Output Knowledge Created

This message produces a Docker image tagged cuzk-rebuild:pinned3 containing the compiled cuzk-daemon binary. The binary includes: the pinned memory pool with corrected budget integration (no double-counting), the GPU queue depth throttle (blocking synthesis dispatch when gpu_work_queue.len() >= max_gpu_queue_depth), and the configurable max_gpu_queue_depth parameter (default 8). The build output also reveals that cuzk-core generated four warnings, one of which the compiler suggests can be auto-fixed — a minor concern that doesn't affect correctness.

The downstream impact of this build is significant. Once deployed with a config update setting max_gpu_queue_depth = 8, the throttle successfully allowed PCE to be cached. The budget logs showed 385 GiB used, with 15 GiB allocated to PCE — the first time the PCE cache had been populated since the pinned pool changes were introduced. However, as the chunk summary notes, the initial batch of 80 partitions had already been dispatched before PCE was available, so the pipeline had to drain those slow unpinned partitions first. The throttle was a necessary but not sufficient fix; it would later be refined into a semaphore-based reactive dispatch in pinned4.

The Thinking Process

The assistant's reasoning, visible in the surrounding messages, follows a clear diagnostic arc. It begins with observation: logs show no "PCE cached" messages, and insert_blocking is stuck in a retry loop. It formulates a hypothesis: budget exhaustion from too many concurrent partitions is preventing PCE allocation. It tests this hypothesis by examining budget logs, confirming that 80 partitions consume 362 GiB, leaving only 5 GiB. It then accepts the user's suggestion of GPU queue depth throttling and traces through the code to find the right insertion point. The choice to throttle before budget acquisition is a subtle but critical insight — it ensures that budget freed by the throttle is available for PCE rather than being immediately consumed by a new partition.
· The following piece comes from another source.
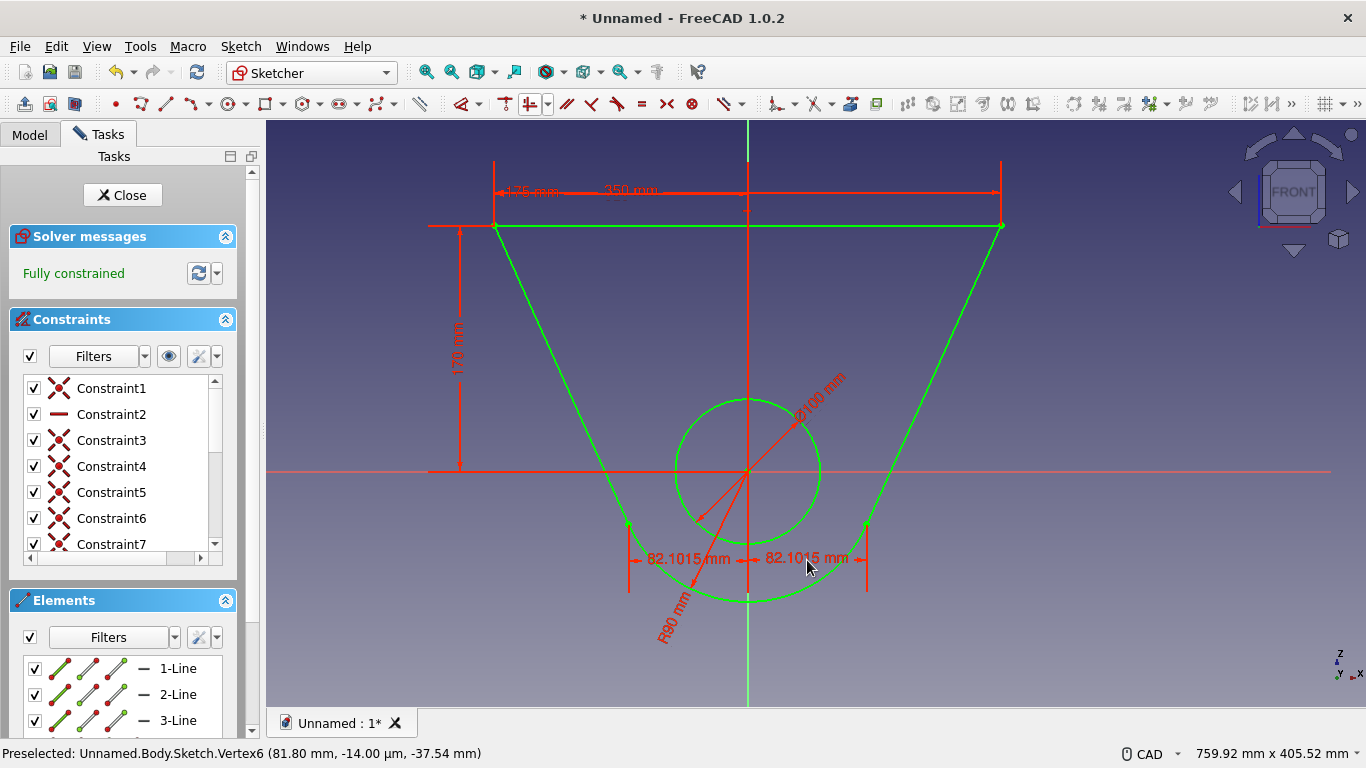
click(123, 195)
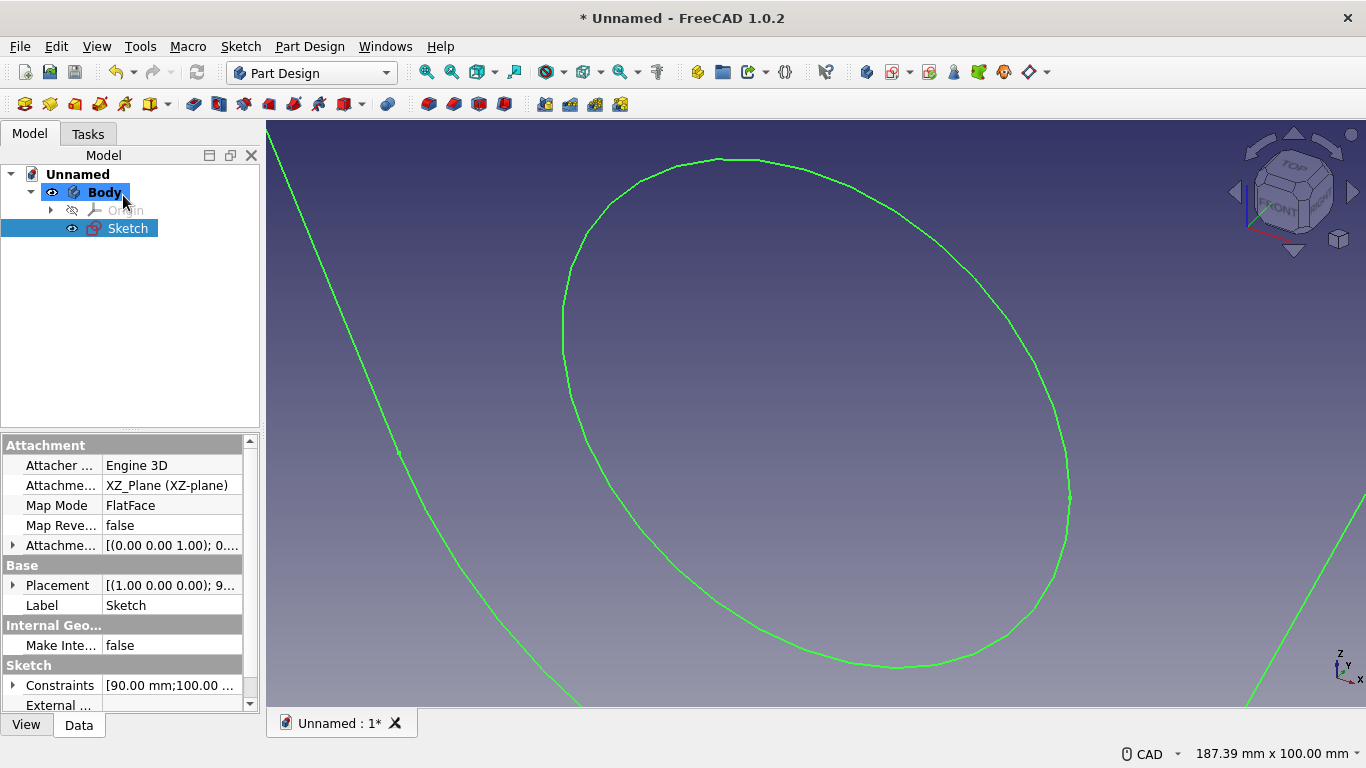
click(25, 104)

The message itself is the execution of that reasoning: compile the fix, package it, deploy it. The build succeeds, and the next messages show the extraction and deployment steps. The story doesn't end here — pinned3's polling throttle would later be replaced by a semaphore-based reactive dispatch in pinned4, which produced dramatic results: H2D transfer time dropped from 1,300–12,000 ms to 0 ms, and per-partition GPU time reduced to ~935 ms of pure compute. But pinned3 was the step that proved the concept: throttling synthesis dispatch based on GPU queue depth was the key to breaking the memory pressure cycle that had been starving the PCE cache.